I just noticed the release of Hydra 1.0. Hydra is a developer focused text editor. What makes it interesting is that it uses Rendezvous (ZeroConf) to facilitate collaboration on a local network. So, for example, two or more developers can effectively do "pair programming" on the same code from different machines - useful for big laptop development sessions, for example.
This isn't the first product of its kind for Mac OS X. iStorm is another Rendezvous based collaborative document environment. While Hydra is focused more on the developer, iStorm seems targeted more on science/math users, with TeX support and interactive blackboards to go along with the styled text. iStorm also houses its own Chat client (I didn't notice if Hydra sports this feature), allowing conversations to happen outside of the document itself.
This is a pretty interesting application of the Rendezvous technology. While generally limited to local networks, it does allow a small group of people to collaborate very easily in a local environment.
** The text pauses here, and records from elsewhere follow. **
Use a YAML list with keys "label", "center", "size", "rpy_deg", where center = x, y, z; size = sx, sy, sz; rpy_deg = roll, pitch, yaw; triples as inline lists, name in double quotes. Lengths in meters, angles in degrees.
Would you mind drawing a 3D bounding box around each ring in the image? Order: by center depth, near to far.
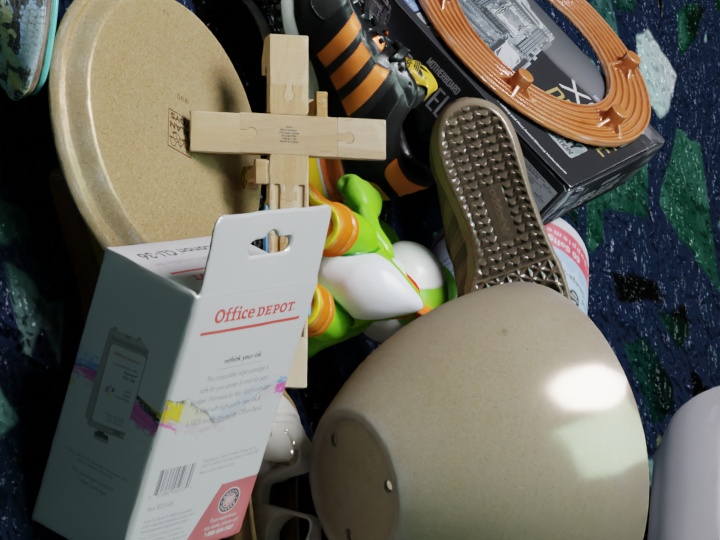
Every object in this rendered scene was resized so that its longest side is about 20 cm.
- label: "ring"
  center: [0.118, -0.162, 1.824]
  size: [0.200, 0.019, 0.200]
  rpy_deg: [29, 32, -20]

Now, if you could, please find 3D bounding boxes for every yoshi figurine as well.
- label: "yoshi figurine"
  center: [-0.014, -0.001, 1.657]
  size: [0.200, 0.112, 0.112]
  rpy_deg: [17, 49, -63]

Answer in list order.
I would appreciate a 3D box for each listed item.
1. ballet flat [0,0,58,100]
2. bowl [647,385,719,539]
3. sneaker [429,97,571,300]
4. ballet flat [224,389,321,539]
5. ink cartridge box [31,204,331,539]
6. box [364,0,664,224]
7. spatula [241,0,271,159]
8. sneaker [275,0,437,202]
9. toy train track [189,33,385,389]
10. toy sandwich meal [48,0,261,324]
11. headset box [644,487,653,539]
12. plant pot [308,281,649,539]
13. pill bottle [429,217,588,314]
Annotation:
- label: "ballet flat"
  center: [-0.195, -0.192, 1.469]
  size: [0.074, 0.074, 0.200]
  rpy_deg: [25, 64, -52]
- label: "bowl"
  center: [0.259, 0.197, 1.871]
  size: [0.200, 0.075, 0.200]
  rpy_deg: [43, 44, -45]
- label: "sneaker"
  center: [0.088, -0.010, 1.679]
  size: [0.076, 0.070, 0.200]
  rpy_deg: [-111, -169, -86]
- label: "ballet flat"
  center: [-0.049, 0.134, 1.592]
  size: [0.069, 0.063, 0.200]
  rpy_deg: [15, 68, -55]
- label: "ink cartridge box"
  center: [-0.094, 0.049, 1.459]
  size: [0.116, 0.067, 0.200]
  rpy_deg: [-8, 120, -58]
- label: "box"
  center: [0.094, -0.127, 1.819]
  size: [0.200, 0.050, 0.158]
  rpy_deg: [48, 32, 11]
- label: "spatula"
  center: [-0.061, -0.140, 1.694]
  size: [0.057, 0.021, 0.200]
  rpy_deg: [-3, 84, -59]
- label: "sneaker"
  center: [0.002, -0.135, 1.682]
  size: [0.070, 0.090, 0.200]
  rpy_deg: [-73, 159, -62]
- label: "toy train track"
  center: [-0.045, -0.032, 1.539]
  size: [0.115, 0.033, 0.200]
  rpy_deg: [2, 82, -17]
- label: "toy sandwich meal"
  center: [-0.127, -0.064, 1.531]
  size: [0.205, 0.070, 0.205]
  rpy_deg: [30, 53, -50]
- label: "headset box"
  center: [0.155, 0.255, 1.845]
  size: [0.174, 0.093, 0.200]
  rpy_deg: [56, 39, -33]
- label: "plant pot"
  center: [0.051, 0.114, 1.559]
  size: [0.134, 0.200, 0.200]
  rpy_deg: [-10, 89, -34]
- label: "pill bottle"
  center: [0.092, 0.060, 1.763]
  size: [0.109, 0.109, 0.200]
  rpy_deg: [51, 32, -37]

Imagine being able to bring in people from outside the company to brainstorm for two days and all being able to work on the same document without having to configure large collaboration servers to allow two important but temporary outside users into the system. Or, with Airport, one could even go to a coffee shop or bar and set up a small computer-to-computer network and collaborate - again without the need for a complex client/server set up. And unlike Wikis or anything else web based, all updates can be monitored in real time.